Dispute over layoff bills boils down to a question: now or later?

The argument that heated up today between city officials, Governor Andrew Cuomo and members of the state legislature over abolishing the state’s seniority-based layoff system for teachers essentially boils down to one thing: timing.

Mayor Michael Bloomberg and Department of Education officials want to do away with the “last-in, first-out” system immediately so that they can use new criteria to lay off teachers at the end of this school year. Cuomo and other state officials — several of whom support changing the layoff system generally — counter that abandoning seniority-based layoffs must wait until the state has a better system it can use instead.

Yesterday, Cuomo introduced a bill that would speed implementation of the teacher evaluation bill that Albany passed last May up by a year but did not propose any changes to the layoff system. City officials immediately blasted the bill as “a sham” and a distraction, and Bloomberg said today the governor’s proposal “simply kicks the can down the road.”

Part of the disagreement lies in whether or not the city and the state have time to kick that can. City officials speak of the need to change the layoff system with a sense of urgency, arguing that a budget crisis necessitates laying off more than 4,000 teachers this year.

But many people — including the teachers union, the governor and some state legislators — are skeptical of the mayor’s timeline. The union accuses the city of scare-mongering and argues that the city has the funds to preserve teachers’ jobs. The governor has said that his proposed cuts to education funding also should not prompt teacher layoffs this year.

“There are many in the legislature who are not convinced that the mayor’s layoff threats are real,” said Assemblyman Hakeem Jeffries. “Over the last several budget cycles, the mayor has threatened layoffs that have never come to pass.”

Jeffries said that he was willing to consider changing the seniority-based layoff system. But he said that he is not willing to grant the city greater flexibility in choosing which teachers to fire before a more objective system is put in place. And he said that he is not yet convinced that the city does not have the time to develop that system.

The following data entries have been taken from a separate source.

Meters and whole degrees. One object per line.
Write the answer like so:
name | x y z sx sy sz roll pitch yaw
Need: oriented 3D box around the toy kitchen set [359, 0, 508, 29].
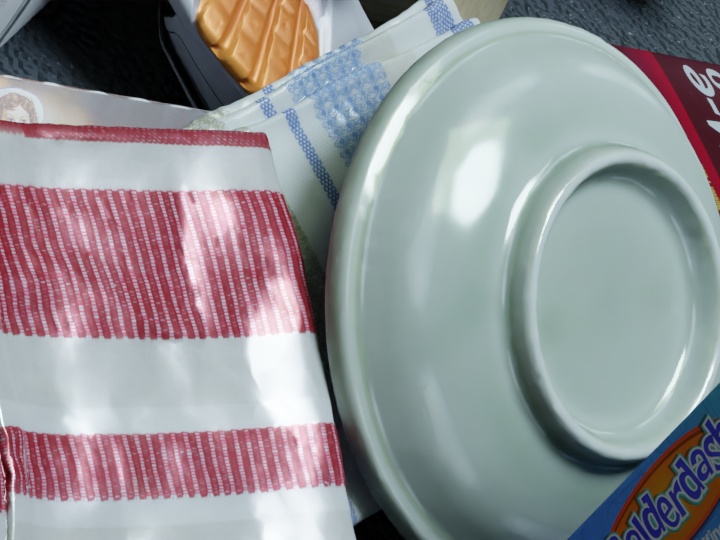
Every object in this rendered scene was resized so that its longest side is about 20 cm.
toy kitchen set | 0.106 -0.140 1.173 0.200 0.163 0.180 -63 142 -25

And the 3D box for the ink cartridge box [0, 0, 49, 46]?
ink cartridge box | -0.166 -0.148 0.995 0.147 0.083 0.200 38 35 -3

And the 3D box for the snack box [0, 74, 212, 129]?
snack box | -0.054 -0.017 0.976 0.200 0.024 0.072 8 79 -36

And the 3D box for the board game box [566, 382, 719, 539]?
board game box | 0.151 0.077 0.936 0.152 0.200 0.045 1 50 -42

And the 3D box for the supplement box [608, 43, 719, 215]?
supplement box | 0.167 -0.027 1.184 0.200 0.061 0.109 6 48 -37

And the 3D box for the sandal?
sandal | -0.027 -0.064 1.059 0.207 0.059 0.079 54 46 -16

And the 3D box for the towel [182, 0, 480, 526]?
towel | 0.000 0.000 0.975 0.200 0.024 0.147 -32 95 -40

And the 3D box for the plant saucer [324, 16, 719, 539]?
plant saucer | 0.074 0.012 0.972 0.200 0.050 0.200 1 88 -44

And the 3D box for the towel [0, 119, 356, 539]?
towel | -0.061 0.049 0.871 0.144 0.023 0.200 1 71 -42
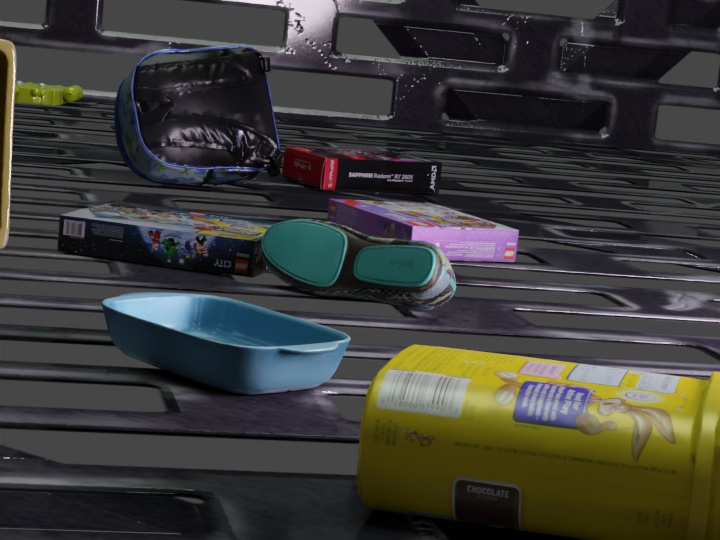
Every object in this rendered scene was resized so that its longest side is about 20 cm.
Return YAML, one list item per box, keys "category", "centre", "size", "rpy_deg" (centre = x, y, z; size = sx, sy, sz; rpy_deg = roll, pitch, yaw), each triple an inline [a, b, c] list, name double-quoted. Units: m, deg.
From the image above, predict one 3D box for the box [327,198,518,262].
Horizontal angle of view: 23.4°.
- category: "box"
  centre: [0.066, -0.046, 1.954]
  size: [0.137, 0.039, 0.200]
  rpy_deg: [2, 10, -28]

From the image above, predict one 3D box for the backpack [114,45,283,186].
- category: "backpack"
  centre: [-0.228, -0.199, 2.320]
  size: [0.200, 0.183, 0.147]
  rpy_deg: [-3, -11, -29]

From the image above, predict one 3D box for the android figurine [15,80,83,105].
- category: "android figurine"
  centre: [-0.649, -0.356, 3.464]
  size: [0.182, 0.041, 0.200]
  rpy_deg: [6, 7, 2]

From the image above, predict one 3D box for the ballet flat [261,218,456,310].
- category: "ballet flat"
  centre: [0.000, 0.000, 1.587]
  size: [0.200, 0.074, 0.074]
  rpy_deg: [14, 12, 34]

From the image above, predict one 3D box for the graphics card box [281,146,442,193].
- category: "graphics card box"
  centre: [0.003, -0.145, 2.510]
  size: [0.200, 0.051, 0.125]
  rpy_deg: [2, 9, -30]

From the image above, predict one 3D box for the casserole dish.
- category: "casserole dish"
  centre: [-0.098, 0.051, 1.235]
  size: [0.121, 0.039, 0.200]
  rpy_deg: [-4, 12, -45]

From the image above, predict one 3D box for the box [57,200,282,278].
- category: "box"
  centre: [-0.179, -0.032, 1.711]
  size: [0.199, 0.038, 0.137]
  rpy_deg: [8, 9, 13]

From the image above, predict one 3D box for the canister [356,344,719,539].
- category: "canister"
  centre: [0.110, 0.095, 0.943]
  size: [0.199, 0.087, 0.149]
  rpy_deg: [7, 9, 13]

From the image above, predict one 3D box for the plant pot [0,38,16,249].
- category: "plant pot"
  centre: [-0.447, -0.121, 1.664]
  size: [0.194, 0.196, 0.200]
  rpy_deg: [2, 1, -22]
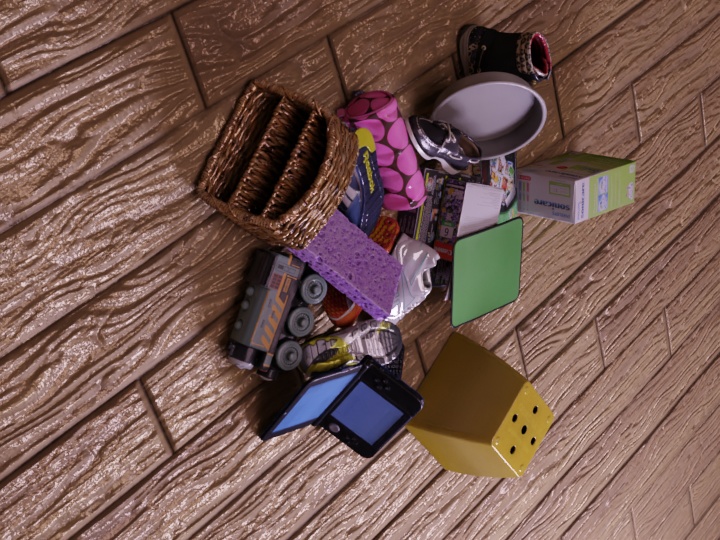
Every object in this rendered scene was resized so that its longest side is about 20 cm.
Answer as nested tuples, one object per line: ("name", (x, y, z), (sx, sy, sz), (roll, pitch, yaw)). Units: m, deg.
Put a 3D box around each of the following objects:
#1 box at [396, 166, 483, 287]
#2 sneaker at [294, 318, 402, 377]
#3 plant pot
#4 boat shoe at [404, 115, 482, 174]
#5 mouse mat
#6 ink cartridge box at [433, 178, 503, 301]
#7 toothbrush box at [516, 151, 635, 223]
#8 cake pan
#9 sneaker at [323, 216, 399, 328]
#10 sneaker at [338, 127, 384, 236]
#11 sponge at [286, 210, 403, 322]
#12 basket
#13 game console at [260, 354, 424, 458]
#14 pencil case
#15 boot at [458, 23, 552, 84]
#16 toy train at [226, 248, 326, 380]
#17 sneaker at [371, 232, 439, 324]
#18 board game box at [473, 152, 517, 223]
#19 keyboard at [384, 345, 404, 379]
("box", (0.131, -0.073, 1.828), (0.160, 0.044, 0.201), (2, 100, -45))
("sneaker", (-0.027, 0.118, 1.683), (0.199, 0.084, 0.075), (-8, 94, -31))
("plant pot", (0.228, 0.263, 1.927), (0.201, 0.176, 0.200), (-56, 133, -17))
("boat shoe", (0.136, -0.209, 1.716), (0.200, 0.060, 0.074), (28, 46, -56))
("mouse mat", (0.219, 0.002, 1.832), (0.199, 0.008, 0.162), (-19, 117, -42))
("ink cartridge box", (0.177, -0.050, 1.815), (0.109, 0.050, 0.201), (4, 99, -47))
("toothbrush box", (0.404, -0.159, 2.005), (0.199, 0.145, 0.087), (-20, 116, -39))
("cake pan", (0.208, -0.258, 1.768), (0.200, 0.199, 0.037), (33, 42, -45))
("sneaker", (0.000, 0.000, 1.715), (0.201, 0.073, 0.077), (-58, 158, -14))
("sneaker", (-0.016, -0.137, 1.645), (0.074, 0.082, 0.201), (-50, 143, -43))
("sponge", (-0.022, -0.022, 1.610), (0.200, 0.030, 0.112), (39, 43, -20))
("basket", (-0.109, -0.147, 1.495), (0.149, 0.142, 0.201), (39, 74, -45))
("game console", (-0.029, 0.231, 1.636), (0.170, 0.200, 0.118), (37, 46, -1))
("pencil case", (0.037, -0.184, 1.674), (0.093, 0.091, 0.201), (-20, 124, 5))
("boot", (0.250, -0.314, 1.799), (0.073, 0.153, 0.205), (-34, 122, -35))
("toy train", (-0.130, 0.061, 1.585), (0.114, 0.085, 0.201), (22, 88, -34))
("sneaker", (0.070, 0.041, 1.740), (0.071, 0.080, 0.201), (-63, 172, -63))
("board game box", (0.249, -0.121, 1.949), (0.104, 0.023, 0.201), (-21, 115, -42))
("keyboard", (0.000, 0.180, 1.786), (0.199, 0.021, 0.128), (5, 98, -45))
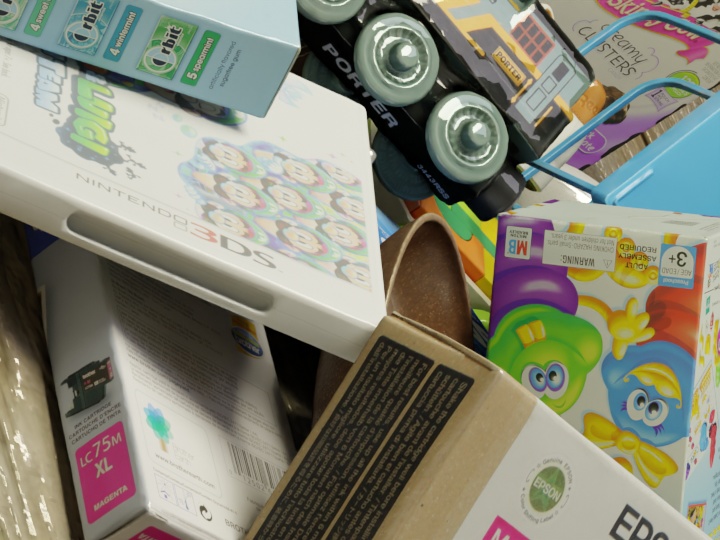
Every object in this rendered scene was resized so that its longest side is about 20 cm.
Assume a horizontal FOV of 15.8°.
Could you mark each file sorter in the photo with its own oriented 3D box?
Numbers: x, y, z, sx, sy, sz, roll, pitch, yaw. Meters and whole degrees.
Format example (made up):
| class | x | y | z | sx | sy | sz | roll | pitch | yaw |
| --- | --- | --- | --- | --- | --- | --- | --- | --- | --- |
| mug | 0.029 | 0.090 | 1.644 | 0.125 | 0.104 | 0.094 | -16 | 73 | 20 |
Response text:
| class | x | y | z | sx | sy | sz | roll | pitch | yaw |
| --- | --- | --- | --- | --- | --- | --- | --- | --- | --- |
| file sorter | 0.167 | -0.019 | 1.402 | 0.123 | 0.139 | 0.200 | 30 | -30 | 47 |

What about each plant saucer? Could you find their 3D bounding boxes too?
| class | x | y | z | sx | sy | sz | roll | pitch | yaw |
| --- | --- | --- | --- | --- | --- | --- | --- | --- | --- |
| plant saucer | 0.013 | 0.075 | 1.135 | 0.200 | 0.037 | 0.201 | 2 | 90 | -75 |

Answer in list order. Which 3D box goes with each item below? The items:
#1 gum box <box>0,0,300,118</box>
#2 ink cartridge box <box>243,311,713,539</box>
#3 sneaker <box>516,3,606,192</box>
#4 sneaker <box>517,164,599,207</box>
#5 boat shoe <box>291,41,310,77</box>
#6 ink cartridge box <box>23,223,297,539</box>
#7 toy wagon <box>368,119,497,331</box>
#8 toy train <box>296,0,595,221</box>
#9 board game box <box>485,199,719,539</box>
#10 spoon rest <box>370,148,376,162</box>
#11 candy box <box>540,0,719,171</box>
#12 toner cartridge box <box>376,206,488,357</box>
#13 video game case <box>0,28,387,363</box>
| class | x | y | z | sx | sy | sz | roll | pitch | yaw |
| --- | --- | --- | --- | --- | --- | --- | --- | --- | --- |
| gum box | -0.128 | -0.160 | 1.106 | 0.199 | 0.045 | 0.170 | 16 | 38 | -19 |
| ink cartridge box | 0.046 | 0.138 | 1.035 | 0.075 | 0.165 | 0.200 | 25 | -10 | 49 |
| sneaker | 0.061 | -0.132 | 1.481 | 0.200 | 0.085 | 0.073 | 42 | -2 | 26 |
| sneaker | 0.141 | 0.022 | 1.538 | 0.201 | 0.070 | 0.080 | 62 | 24 | 7 |
| boat shoe | -0.012 | -0.158 | 1.374 | 0.076 | 0.074 | 0.200 | 45 | 41 | 5 |
| ink cartridge box | -0.078 | 0.043 | 1.064 | 0.119 | 0.042 | 0.200 | 34 | 33 | -46 |
| toy wagon | 0.030 | -0.044 | 1.421 | 0.200 | 0.040 | 0.155 | 47 | 24 | -27 |
| toy train | 0.026 | -0.121 | 1.293 | 0.200 | 0.085 | 0.114 | 48 | 64 | -12 |
| board game box | 0.118 | 0.073 | 1.237 | 0.105 | 0.103 | 0.201 | -14 | 110 | -69 |
| spoon rest | -0.070 | -0.093 | 1.225 | 0.200 | 0.099 | 0.061 | 45 | 69 | -39 |
| candy box | 0.140 | -0.156 | 1.595 | 0.168 | 0.200 | 0.072 | 35 | 31 | -44 |
| toner cartridge box | 0.000 | 0.000 | 1.238 | 0.200 | 0.043 | 0.095 | 41 | 11 | -51 |
| video game case | -0.076 | -0.053 | 1.076 | 0.182 | 0.024 | 0.200 | 23 | 26 | -15 |
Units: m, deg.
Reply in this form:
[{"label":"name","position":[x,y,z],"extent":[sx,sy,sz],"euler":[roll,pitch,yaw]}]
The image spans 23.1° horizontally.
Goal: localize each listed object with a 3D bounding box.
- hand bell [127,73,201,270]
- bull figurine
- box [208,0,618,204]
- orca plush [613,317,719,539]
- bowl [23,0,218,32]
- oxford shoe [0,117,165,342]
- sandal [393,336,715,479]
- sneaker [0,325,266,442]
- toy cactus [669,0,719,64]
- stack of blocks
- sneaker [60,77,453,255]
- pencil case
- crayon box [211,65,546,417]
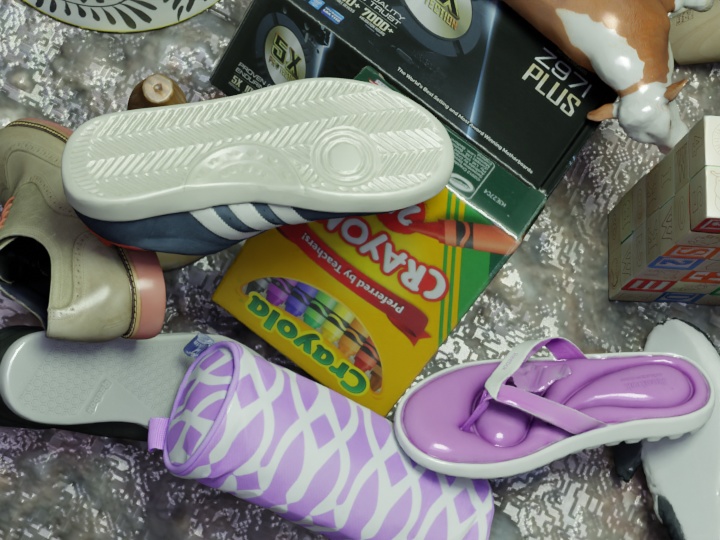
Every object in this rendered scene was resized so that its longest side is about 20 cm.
[{"label":"hand bell","position":[-0.115,-0.073,0.992],"extent":[0.103,0.200,0.105],"euler":[2,77,-7]},{"label":"bull figurine","position":[0.137,-0.158,1.037],"extent":[0.200,0.065,0.121],"euler":[46,37,8]},{"label":"box","position":[0.040,-0.116,1.045],"extent":[0.200,0.086,0.164],"euler":[38,42,2]},{"label":"orca plush","position":[0.223,0.127,1.059],"extent":[0.105,0.071,0.201],"euler":[-42,51,20]},{"label":"bowl","position":[-0.149,-0.258,1.084],"extent":[0.199,0.094,0.202],"euler":[2,77,-7]},{"label":"oxford shoe","position":[-0.179,-0.028,0.984],"extent":[0.074,0.071,0.200],"euler":[-9,33,-30]},{"label":"sandal","position":[0.112,0.066,1.005],"extent":[0.201,0.050,0.083],"euler":[-8,42,-23]},{"label":"sneaker","position":[-0.138,0.066,1.029],"extent":[0.199,0.099,0.071],"euler":[12,85,-37]},{"label":"toy cactus","position":[0.269,-0.167,1.098],"extent":[0.164,0.102,0.201],"euler":[-14,53,27]},{"label":"stack of blocks","position":[0.225,-0.029,1.030],"extent":[0.114,0.200,0.059],"euler":[3,77,-6]},{"label":"sneaker","position":[-0.052,-0.046,0.916],"extent":[0.198,0.085,0.075],"euler":[-1,64,-1]},{"label":"pencil case","position":[-0.020,0.115,0.987],"extent":[0.199,0.085,0.084],"euler":[30,39,-22]},{"label":"crayon box","position":[0.000,0.000,0.999],"extent":[0.127,0.200,0.051],"euler":[36,40,2]}]
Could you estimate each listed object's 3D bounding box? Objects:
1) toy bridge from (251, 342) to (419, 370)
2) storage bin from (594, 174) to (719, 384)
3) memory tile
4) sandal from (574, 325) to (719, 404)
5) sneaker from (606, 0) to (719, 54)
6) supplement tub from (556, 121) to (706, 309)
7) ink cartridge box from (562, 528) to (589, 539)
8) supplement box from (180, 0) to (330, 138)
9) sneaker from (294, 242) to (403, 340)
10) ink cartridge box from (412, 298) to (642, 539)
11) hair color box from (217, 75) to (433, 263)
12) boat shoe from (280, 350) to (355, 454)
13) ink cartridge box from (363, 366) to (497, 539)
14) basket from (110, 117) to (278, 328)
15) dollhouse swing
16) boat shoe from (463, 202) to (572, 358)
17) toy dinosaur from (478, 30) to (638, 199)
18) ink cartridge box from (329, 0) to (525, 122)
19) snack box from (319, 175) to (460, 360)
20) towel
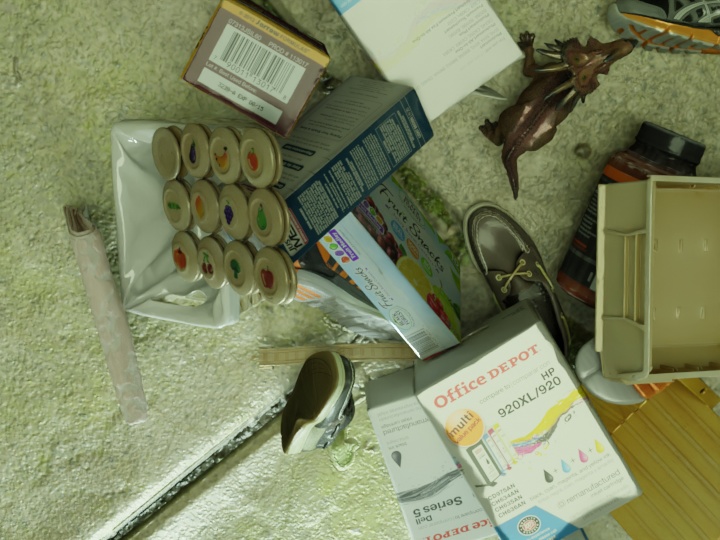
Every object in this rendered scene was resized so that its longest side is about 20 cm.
[{"bbox_3d":[-0.022,0.095,1.148,0.199,0.067,0.027,-2,81,-3],"label":"toy bridge"},{"bbox_3d":[0.339,0.010,1.001,0.200,0.094,0.199,-1,93,-21],"label":"storage bin"},{"bbox_3d":[-0.125,-0.054,0.906,0.017,0.200,0.154,-15,106,-36],"label":"memory tile"},{"bbox_3d":[0.307,0.086,1.076,0.206,0.059,0.079,-22,78,-23],"label":"sandal"},{"bbox_3d":[0.354,-0.267,1.063,0.199,0.078,0.077,5,93,-8],"label":"sneaker"},{"bbox_3d":[0.295,-0.055,1.099,0.107,0.107,0.200,19,105,-8],"label":"supplement tub"},{"bbox_3d":[0.220,0.416,1.215,0.084,0.145,0.200,8,106,-7],"label":"ink cartridge box"},{"bbox_3d":[-0.098,-0.203,0.988,0.110,0.200,0.086,29,102,-11],"label":"supplement box"},{"bbox_3d":[0.000,0.000,1.116,0.200,0.077,0.112,33,61,-40],"label":"sneaker"},{"bbox_3d":[0.162,0.156,1.042,0.147,0.145,0.200,-31,95,6],"label":"ink cartridge box"},{"bbox_3d":[-0.037,-0.098,0.960,0.200,0.100,0.061,-42,126,-20],"label":"hair color box"},{"bbox_3d":[-0.038,0.146,1.131,0.065,0.073,0.200,2,152,-21],"label":"boat shoe"},{"bbox_3d":[0.102,0.211,1.180,0.145,0.084,0.200,-18,106,2],"label":"ink cartridge box"},{"bbox_3d":[-0.162,-0.058,1.051,0.135,0.123,0.201,8,107,25],"label":"basket"},{"bbox_3d":[0.320,0.208,1.131,0.200,0.176,0.182,-45,136,10],"label":"dollhouse swing"},{"bbox_3d":[0.178,0.016,1.139,0.072,0.060,0.200,-27,106,6],"label":"boat shoe"},{"bbox_3d":[0.186,-0.166,1.046,0.086,0.136,0.200,25,104,-9],"label":"toy dinosaur"},{"bbox_3d":[0.063,-0.243,1.021,0.125,0.129,0.200,-34,104,7],"label":"ink cartridge box"},{"bbox_3d":[0.032,-0.024,1.055,0.053,0.142,0.200,-28,121,22],"label":"snack box"},{"bbox_3d":[-0.264,0.037,1.060,0.032,0.191,0.200,-17,108,-14],"label":"towel"}]
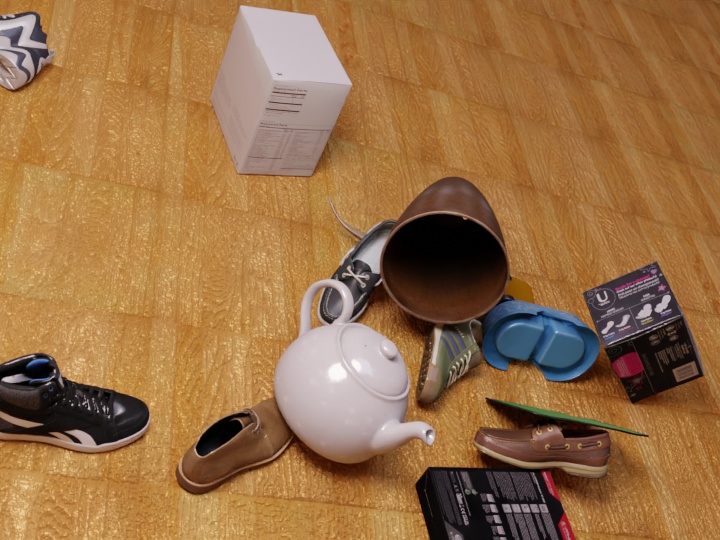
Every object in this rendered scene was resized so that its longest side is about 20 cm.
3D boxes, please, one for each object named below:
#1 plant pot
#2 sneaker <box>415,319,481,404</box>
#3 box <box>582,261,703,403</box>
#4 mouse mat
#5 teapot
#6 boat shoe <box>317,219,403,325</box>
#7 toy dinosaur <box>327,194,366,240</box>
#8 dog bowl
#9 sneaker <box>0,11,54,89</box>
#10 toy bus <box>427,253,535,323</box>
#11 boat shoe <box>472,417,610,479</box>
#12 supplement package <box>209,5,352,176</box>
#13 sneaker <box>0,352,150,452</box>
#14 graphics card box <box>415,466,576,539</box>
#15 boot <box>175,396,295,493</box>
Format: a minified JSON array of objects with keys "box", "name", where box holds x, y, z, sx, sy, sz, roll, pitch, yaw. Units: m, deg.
[{"box":[0.132,-0.055,1.359,0.185,0.188,0.201,24,34,-6],"name":"plant pot"},{"box":[0.141,0.127,1.356,0.089,0.067,0.201,19,39,-4],"name":"sneaker"},{"box":[0.454,0.101,1.444,0.200,0.131,0.115,50,21,-47],"name":"box"},{"box":[0.299,0.215,1.322,0.198,0.161,0.008,15,86,-17],"name":"mouse mat"},{"box":[-0.008,0.137,1.174,0.199,0.146,0.198,35,29,-15],"name":"teapot"},{"box":[0.000,0.000,1.373,0.075,0.060,0.201,28,59,6],"name":"boat shoe"},{"box":[0.027,-0.042,1.481,0.198,0.061,0.107,20,29,-27],"name":"toy dinosaur"},{"box":[0.281,0.108,1.432,0.198,0.112,0.050,14,29,-17],"name":"dog bowl"},{"box":[-0.577,-0.384,1.443,0.198,0.080,0.130,35,40,5],"name":"sneaker"},{"box":[0.187,0.038,1.465,0.198,0.079,0.066,15,45,-17],"name":"toy bus"},{"box":[0.256,0.239,1.268,0.198,0.068,0.072,10,9,-6],"name":"boat shoe"},{"box":[-0.139,-0.298,1.516,0.146,0.201,0.192,-2,51,-31],"name":"supplement package"},{"box":[-0.331,0.149,1.034,0.198,0.112,0.074,6,47,-25],"name":"sneaker"},{"box":[0.180,0.327,1.197,0.198,0.051,0.126,7,46,-26],"name":"graphics card box"},{"box":[-0.137,0.201,1.123,0.074,0.076,0.199,42,40,18],"name":"boot"}]

“To what degree is the layoff threat real? Is there reserve funding sufficient to prevent layoffs? What amount of additional state funding is necessary to ensure that not a single teacher is laid off this year?” Jeffries said. “This information will be necessary for the legislature to make any sort of informed decision over the coming weeks.”

Cuomo has said repeatedly that he believes that merit should eventually be a factor in determining which teacher lose their jobs. His bill is meant to address the concern — voiced by critics of the mayor’s push to lay off teachers based on merit rather than seniority — that the city and state do not yet have a reliable method to determine “merit.”

Critics of State Senator John Flanagan’s complex bill, which is backed by Mayor Michael Bloomberg and passed the Senate yesterday, argue that it relies too heavily on principal’s subjective evaluations of teachers, which in some documented cases have been abused.

“It is time to move beyond the so-called ‘last in, first out’ system of relying exclusively on seniority,” Cuomo said last night in a statement. “However, we need a legitimate evaluation system to rely upon. This will help make a statewide evaluation system ready and allow us to replace ‘last in, first out.'”

City officials and opponents of seniority-based layoffs countered today that abandoning “last-in, first-out” cannot be done incrementally as the teacher evaluation system improves.

Joe Williams, the head of Democrats for Education Reform and one of the most outspoken critics of the current layoff system, said he agreed with the governor that a robust and fair evaluation system should be put in place. “However, that system must be instituted alongside a crystal clear law that eliminates [last-in, first-out] and forces merit to be taken into account when laying off teachers,” Williams said.

Under the original evaluation law that Cuomo wants to change, only teachers of tested grades and subjects would start receiving rankings next school year. If Cuomo’s amendment is passed, all teachers in all grades would be ranked next year.

That would mean that by next year, state and local districts will need to come up with a system to judge student growth in all grades and subjects that currently don’t have standardized tests. State officials are currently developing regulations to guide those new measures; the bill gives officials a June deadline to complete those guidelines.

But the original evaluation law also requires districts to negotiate parts of how they will measure student growth with their local unions, and Cuomo’s bill is silent on those negotiations. City officials argued today that could allow the new evaluations — and therefore, a merit-based layoff system — to be delayed if negotiations stall.

“The acceleration of the timelines in the bill is artificial, as districts and unions are not compelled to change their current evaluation process until they’ve successfully negotiated new collective bargaining agreements,” wrote Deputy Chancellor John White today in a memo released to reporters.